# PC-P50 - Wasserkühlung



## tolga9009 (9. August 2009)

*PC-P50 - Wasserkühlung*

Hi!

Ich habe vor, mir im September einen Rechner zusammenzustellen und zerbreche mir momentan den Kopf, wie ich eine Wasserkühlung in den Lian Li PC-P50 reinquetsche. Im ersten Schritt möchte ich mithilfe eines 240mm Radiator in der Front nur die CPU kühlen (Core i7 920@3.33GHz). Später möchte ich auch die Grafikkarte und das Mobo mit Wasser kühlen. Dafür baue ich dann einen weiteren Radiator unterm Deckel ein, diesmal aber 280mm.

Warum ich das Lian Li PC-P50 nehme? Weil es meinen Geschmack echt trifft und weil gute Big-Tower erst auch ab einem hohen Preis zu haben sind. Lieber einen guten Mid-Tower, als einen schlechten Big-Tower.

*Front Radiator*:

Da ich das Gehäuse noch nicht in den Händen halte, habe ich mir erstmal ganz viele Bilder aus dem Internet besorgt.
Hier ein Bild _(PC INpact - L'environnement informatique)_:

http://home.teleos-web.de/acakir/pcgh/2.jpg

Da ich am Gehäuse nichts großartiges Sägen möchte, müsste ich als erstes das HDD-Cage in die ersten drei Slots bauen. Warum? Wenn man genau hinsieht, erkennt man, dass nur in den oberen drei Schächten die Schienen an den Seiten vorhanden sind. Ich meine damit nicht den Mechanismus zu Sicherung der Laufwerke, sondern die "rausragenden" Metallschienen, die etwa 10mm von jeder Seite wegnehmen sollten.
Sobald ich das gemacht habe, kann ich die unteren 6 Slots für den Radiator verwenden. Doch da könnte es eng werden. Ein Slots sind meinem Wissen nach etwa 42mm hoch. 6 Slots müssten 252mm hoch sein. Der Radiator, den ich einbauen möchte ist 277mm hoch. 25mm zuviel. Da unterm HDD-Cage noch platz ist, könnte es vielleicht doch reichen.

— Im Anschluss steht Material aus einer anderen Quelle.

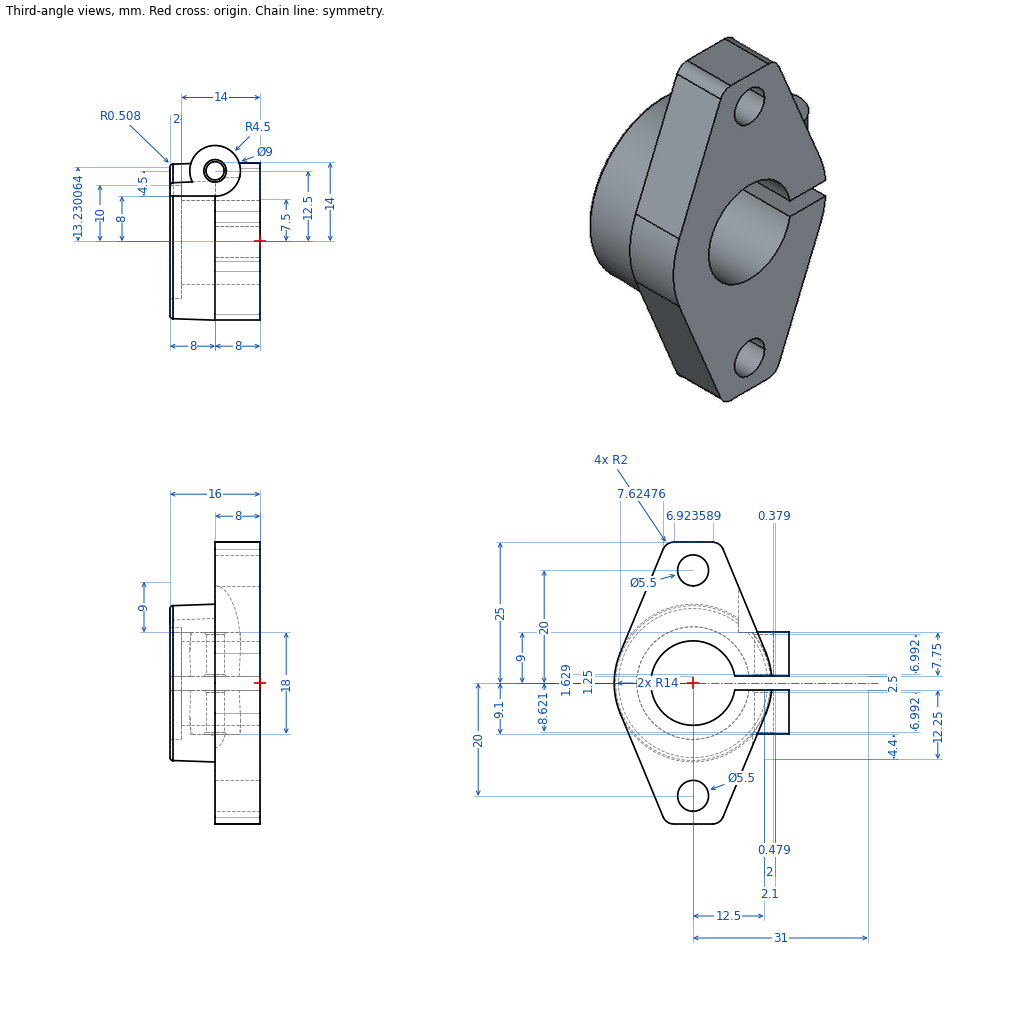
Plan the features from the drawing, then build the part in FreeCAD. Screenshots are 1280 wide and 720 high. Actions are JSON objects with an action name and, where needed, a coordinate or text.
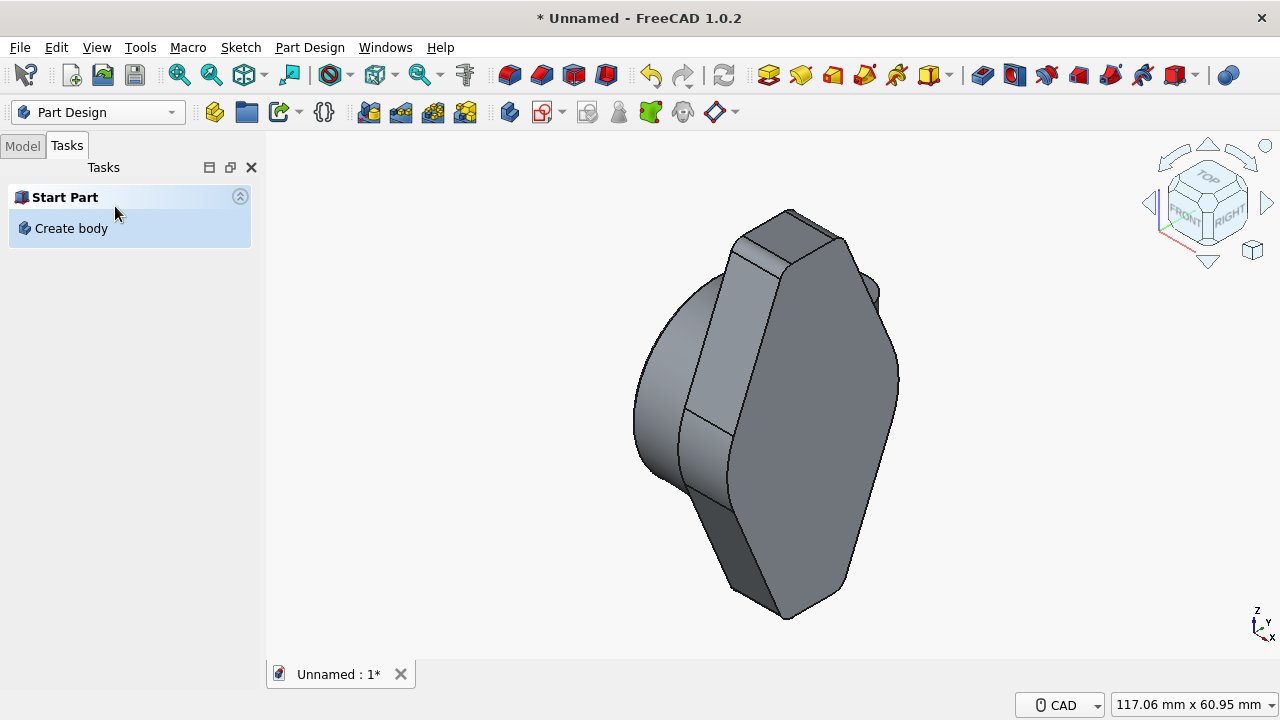
{"action": "left_click", "coordinate": [813, 428]}

_*1. Frage: Besitzt jemand das Case und kann für mich die Höhe des Platzes unterm HDD-Cage messen?*_

Um den Radiator zu befestigen, habe ich mir den Bau einer Halterung überlegt. Der soll primär zwei Intake Fans halten, an denen dann der Radiator dranhängt. Um mir die Sache etwas einfacher zu machen, wollte ich als Material Plexiglas besorgen. Damit kann ich im Gegensatz zu Metall leichter mit arbeiten (Sägen, Bohren etc.).
_
*2. Frage: Hat jemand schonmal sowas gemacht und kann mir Tipps geben? Wie dick müsste das Plexiglas sein?*_

*Top Radiator*:

Erstmal Bilder _(PC INpact - L'environnement informatique; µL¼ÐÃD¤å¥ó)_:

http://home.teleos-web.de/acakir/pcgh/1.jpg

http://home.teleos-web.de/acakir/pcgh/3.jpg

http://home.teleos-web.de/acakir/pcgh/4.jpg

Wie es aussieht, würde ein 280mm Radiator passen. Das Problem ist nur, dass die Top Fans die Luft nach draußen pusten. Da Radiatoren aber eine höhere Effizienz haben, wenn die Luft durch die Lamellen "geblasen" wird, als dass ein Lüfter die Luft zwischen den Lamellen "ansaugt", müssten die Top-Fans aber Intake Fans sein. Damit würde aber der ganze Airflow in Eimer gehen. Deshalb hatte ich mir 2 Wege überlegt, dies zu realisieren:

*1. Möglichkeit*:
Die Top Fans bleiben Exhaust Fans.
Der Radiator wird unter den Exhaust Fans angebracht.
Unter dem Radiator sind nochmals zwei Lüfter, die die Luft Richtung Exhaust Fan pusten.

*2. Möglichkeit*:
Ich nehme die zwei Top Fans da weg und setze den Radiator dafür ein. Fraglich ist hier, ob der Radiator passt und ob das Top Cover dann noch oben drauf passt.
Ich bohre zwei Löcher für die Schläuche.
Die Exhaust Fans werden im Gehäuse unterm Radiator angebracht und pusten die Luft durch die Lamellen.
Ich würde erstmal diese Möglichkeit ausprobieren. Wenn es nicht klappt, dann versuch ich's mit der 1. Möglichkeit.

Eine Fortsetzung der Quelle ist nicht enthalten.